- **EXERCISE**
Reproduce each record verbatim, images excluded.
=== GIVEN ENTRIES ===
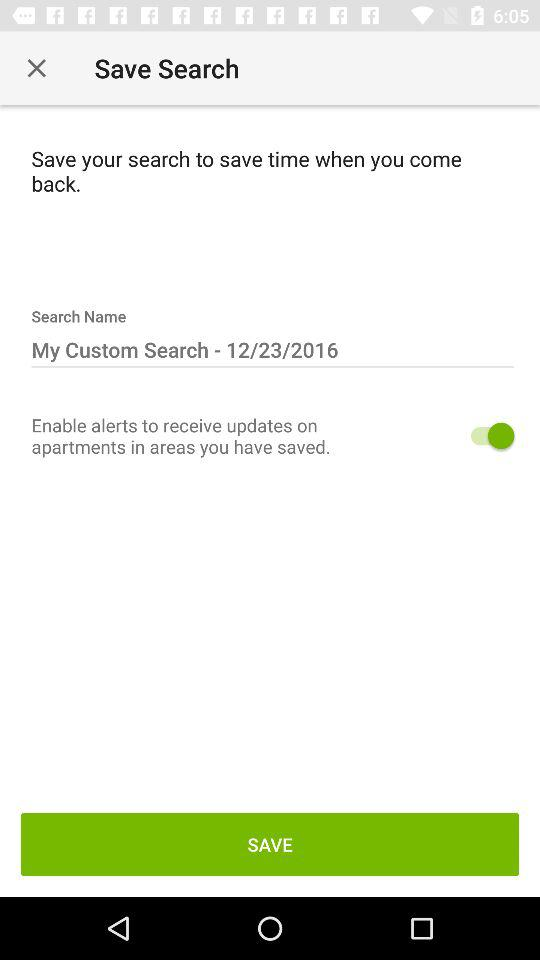What is the search name? The search name is "My Custom Search - 12/23/2016". 
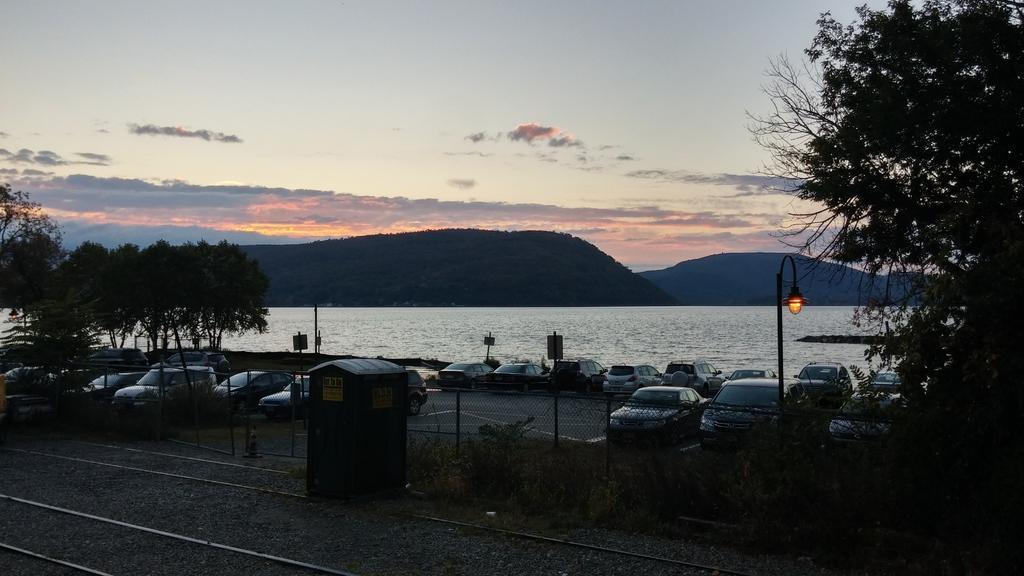Describe this image in one or two sentences. In the foreground I can see tracks, concretes, metal box, grass, plants, fence, trees, light poles and fleets of vehicles on the road. In the background I can see water, mountains and the sky. This image is taken may be near the ocean. 
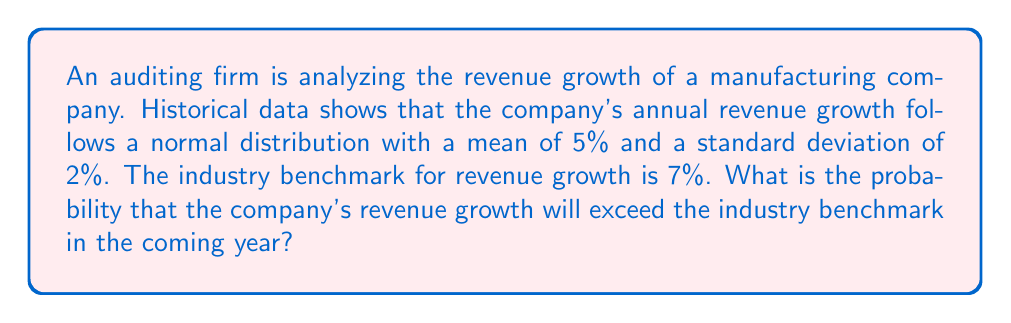Solve this math problem. To solve this problem, we need to follow these steps:

1) We are given that the company's revenue growth follows a normal distribution with:
   Mean ($\mu$) = 5%
   Standard deviation ($\sigma$) = 2%

2) We want to find the probability that the growth exceeds 7% (the industry benchmark).

3) For a normal distribution, we can use the z-score formula:

   $z = \frac{x - \mu}{\sigma}$

   Where x is the value we're interested in (7% in this case).

4) Plugging in the values:

   $z = \frac{7 - 5}{2} = 1$

5) Now we need to find the probability of a z-score greater than 1.

6) Using a standard normal distribution table or calculator, we can find that:

   $P(Z > 1) = 1 - P(Z < 1) = 1 - 0.8413 = 0.1587$

7) Therefore, the probability of the company's revenue growth exceeding the industry benchmark is approximately 0.1587 or 15.87%.
Answer: 0.1587 or 15.87%
===
- **YOUR RESPONSE**
What is the search name? The search name is "My Custom Search - 12/23/2016". 
Describe this image in one or two sentences. In the foreground I can see tracks, concretes, metal box, grass, plants, fence, trees, light poles and fleets of vehicles on the road. In the background I can see water, mountains and the sky. This image is taken may be near the ocean. 
Solve this math problem. To solve this problem, we need to follow these steps:

1) We are given that the company's revenue growth follows a normal distribution with:
   Mean ($\mu$) = 5%
   Standard deviation ($\sigma$) = 2%

2) We want to find the probability that the growth exceeds 7% (the industry benchmark).

3) For a normal distribution, we can use the z-score formula:

   $z = \frac{x - \mu}{\sigma}$

   Where x is the value we're interested in (7% in this case).

4) Plugging in the values:

   $z = \frac{7 - 5}{2} = 1$

5) Now we need to find the probability of a z-score greater than 1.

6) Using a standard normal distribution table or calculator, we can find that:

   $P(Z > 1) = 1 - P(Z < 1) = 1 - 0.8413 = 0.1587$

7) Therefore, the probability of the company's revenue growth exceeding the industry benchmark is approximately 0.1587 or 15.87%.
Answer: 0.1587 or 15.87%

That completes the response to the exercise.